• **Activity**: Write out the data again exactly, skipping every picture.

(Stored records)
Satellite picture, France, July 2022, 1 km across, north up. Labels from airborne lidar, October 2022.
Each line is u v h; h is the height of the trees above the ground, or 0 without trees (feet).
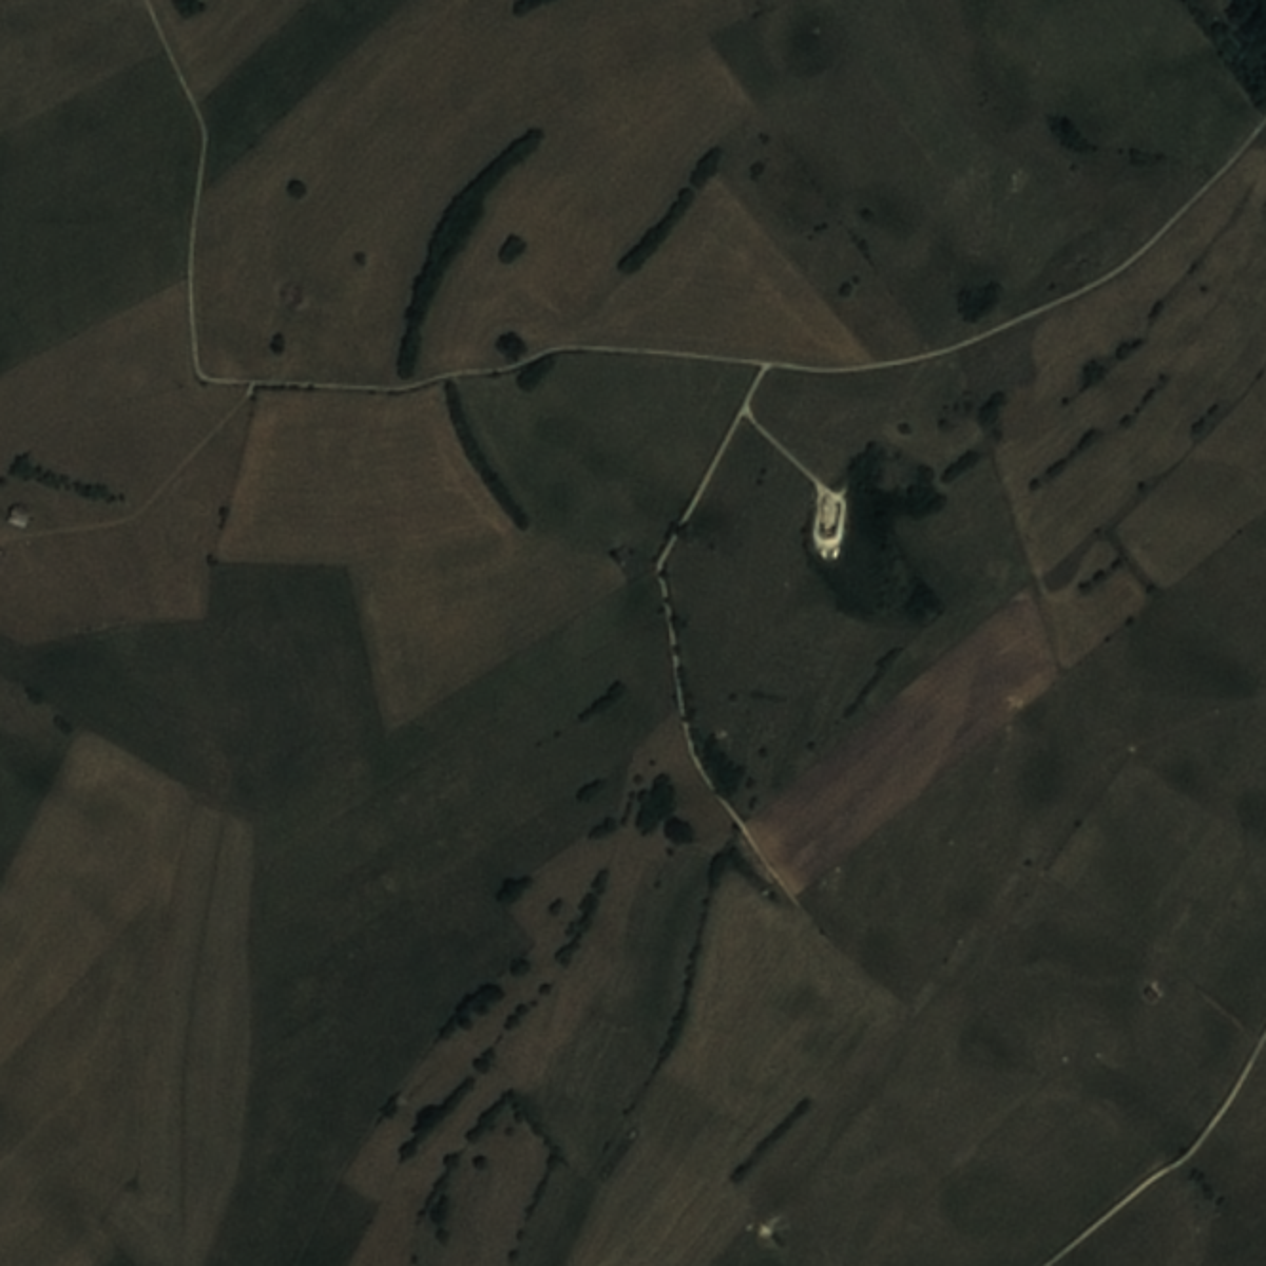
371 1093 0
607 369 0
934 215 0
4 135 0
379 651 0
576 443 0
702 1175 0
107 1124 0
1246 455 0
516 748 0
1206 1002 0
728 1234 0
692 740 20
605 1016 0
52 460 0
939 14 0
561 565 0
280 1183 0
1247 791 0
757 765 0
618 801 0
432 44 0
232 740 0
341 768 0
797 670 0
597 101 0
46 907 0
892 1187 0
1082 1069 0
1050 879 0
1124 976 0
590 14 0
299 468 0
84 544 0
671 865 0
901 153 0
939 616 0
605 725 0
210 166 0
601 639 0
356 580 0
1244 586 0
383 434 0
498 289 0
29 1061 0
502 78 0
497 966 0
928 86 0
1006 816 0
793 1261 0
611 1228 0
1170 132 0
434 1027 0
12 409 0
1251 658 0
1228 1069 0
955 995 0
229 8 0
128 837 0
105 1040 0
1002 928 0
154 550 0
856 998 0
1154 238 0
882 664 19
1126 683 0
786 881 0
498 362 0
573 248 0
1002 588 0
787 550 0
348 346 0
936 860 0
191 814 0
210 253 0
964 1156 0
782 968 0
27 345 0
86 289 0
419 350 20
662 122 0
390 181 0
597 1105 0
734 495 0
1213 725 0
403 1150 23
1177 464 0
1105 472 0
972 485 0
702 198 0
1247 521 0
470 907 0
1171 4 0
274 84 0
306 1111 0
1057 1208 0
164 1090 0
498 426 0
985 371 0
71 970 0
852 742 0
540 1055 0
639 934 0
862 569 0
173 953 0
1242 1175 0
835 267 0
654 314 0
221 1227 0
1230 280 0
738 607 0
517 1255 20
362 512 0
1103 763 0
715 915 0
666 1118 0
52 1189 0
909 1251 0
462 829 0
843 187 0
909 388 0
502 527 0
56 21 0
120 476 0
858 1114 0
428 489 0
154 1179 0
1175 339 0
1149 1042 0
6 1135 0
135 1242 0
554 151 0
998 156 0
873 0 0
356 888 0
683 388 0
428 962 0
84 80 0
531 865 0
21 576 0
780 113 0
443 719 0
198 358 0
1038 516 0
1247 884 0
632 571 0
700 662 0
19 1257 0
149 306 0
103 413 0
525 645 0
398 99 0
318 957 0
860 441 0
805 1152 0
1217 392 0
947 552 0
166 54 0
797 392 0
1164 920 0
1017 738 0
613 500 0
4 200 0
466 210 23
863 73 0
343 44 0
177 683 0
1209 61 0
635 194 0
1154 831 0
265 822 0
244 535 0
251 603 0
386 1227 0
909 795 0
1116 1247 0
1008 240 0
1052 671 0
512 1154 0
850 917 0
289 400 0
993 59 0
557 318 0
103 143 0
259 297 0
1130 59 0
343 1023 0
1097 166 0
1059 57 0
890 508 23
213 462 0
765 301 0
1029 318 0
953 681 0
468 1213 0
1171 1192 0
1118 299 0
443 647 0
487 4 0
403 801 0
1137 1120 0
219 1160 0
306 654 0
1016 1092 0
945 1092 0
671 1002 0
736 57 0
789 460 0
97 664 0
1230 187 0
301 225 0
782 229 0
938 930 0
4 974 0
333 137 0
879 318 0
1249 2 37
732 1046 0
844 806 0
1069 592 0
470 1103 0
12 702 0
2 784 0
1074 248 0
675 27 0
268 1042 0
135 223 0
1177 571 0
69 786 0
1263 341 0
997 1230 0
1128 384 0
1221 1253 0
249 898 0
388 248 0

• **Exercise result**:
Satellite picture, France, July 2022, 1 km across, north up. Labels from airborne lidar, October 2022.
Each line is u v h; h is the height of the trees above the ground, or 0 without trees (feet).
371 1093 0
607 369 0
934 215 0
4 135 0
379 651 0
576 443 0
702 1175 0
107 1124 0
1246 455 0
516 748 0
1206 1002 0
728 1234 0
692 740 20
605 1016 0
52 460 0
939 14 0
561 565 0
280 1183 0
1247 791 0
757 765 0
618 801 0
432 44 0
232 740 0
341 768 0
797 670 0
597 101 0
46 907 0
892 1187 0
1082 1069 0
1050 879 0
1124 976 0
590 14 0
299 468 0
84 544 0
671 865 0
901 153 0
939 616 0
605 725 0
210 166 0
601 639 0
356 580 0
1244 586 0
383 434 0
498 289 0
29 1061 0
502 78 0
497 966 0
928 86 0
1006 816 0
793 1261 0
611 1228 0
1170 132 0
434 1027 0
12 409 0
1251 658 0
1228 1069 0
955 995 0
229 8 0
128 837 0
105 1040 0
1002 928 0
154 550 0
856 998 0
1154 238 0
882 664 19
1126 683 0
786 881 0
498 362 0
573 248 0
1002 588 0
787 550 0
348 346 0
936 860 0
191 814 0
210 253 0
964 1156 0
782 968 0
27 345 0
86 289 0
419 350 20
662 122 0
390 181 0
597 1105 0
734 495 0
1213 725 0
403 1150 23
1177 464 0
1105 472 0
972 485 0
702 198 0
1247 521 0
470 907 0
1171 4 0
274 84 0
306 1111 0
1057 1208 0
164 1090 0
498 426 0
985 371 0
71 970 0
852 742 0
540 1055 0
639 934 0
862 569 0
173 953 0
1242 1175 0
835 267 0
654 314 0
221 1227 0
1230 280 0
738 607 0
517 1255 20
362 512 0
1103 763 0
715 915 0
666 1118 0
52 1189 0
909 1251 0
462 829 0
843 187 0
909 388 0
502 527 0
56 21 0
120 476 0
858 1114 0
428 489 0
154 1179 0
1175 339 0
1149 1042 0
6 1135 0
135 1242 0
554 151 0
998 156 0
873 0 0
356 888 0
683 388 0
428 962 0
84 80 0
531 865 0
21 576 0
780 113 0
443 719 0
198 358 0
1038 516 0
1247 884 0
632 571 0
700 662 0
19 1257 0
149 306 0
103 413 0
525 645 0
398 99 0
318 957 0
860 441 0
805 1152 0
1217 392 0
947 552 0
166 54 0
797 392 0
1164 920 0
1017 738 0
613 500 0
4 200 0
466 210 23
863 73 0
343 44 0
177 683 0
1209 61 0
635 194 0
1154 831 0
265 822 0
244 535 0
251 603 0
386 1227 0
909 795 0
1116 1247 0
1008 240 0
1052 671 0
512 1154 0
850 917 0
289 400 0
993 59 0
557 318 0
103 143 0
259 297 0
1130 59 0
343 1023 0
1097 166 0
1059 57 0
890 508 23
213 462 0
765 301 0
1029 318 0
953 681 0
468 1213 0
1171 1192 0
1118 299 0
443 647 0
487 4 0
403 801 0
1137 1120 0
219 1160 0
306 654 0
1016 1092 0
945 1092 0
671 1002 0
736 57 0
789 460 0
97 664 0
1230 187 0
301 225 0
782 229 0
938 930 0
4 974 0
333 137 0
879 318 0
1249 2 37
732 1046 0
844 806 0
1069 592 0
470 1103 0
12 702 0
2 784 0
1074 248 0
675 27 0
268 1042 0
135 223 0
1177 571 0
69 786 0
1263 341 0
997 1230 0
1128 384 0
1221 1253 0
249 898 0
388 248 0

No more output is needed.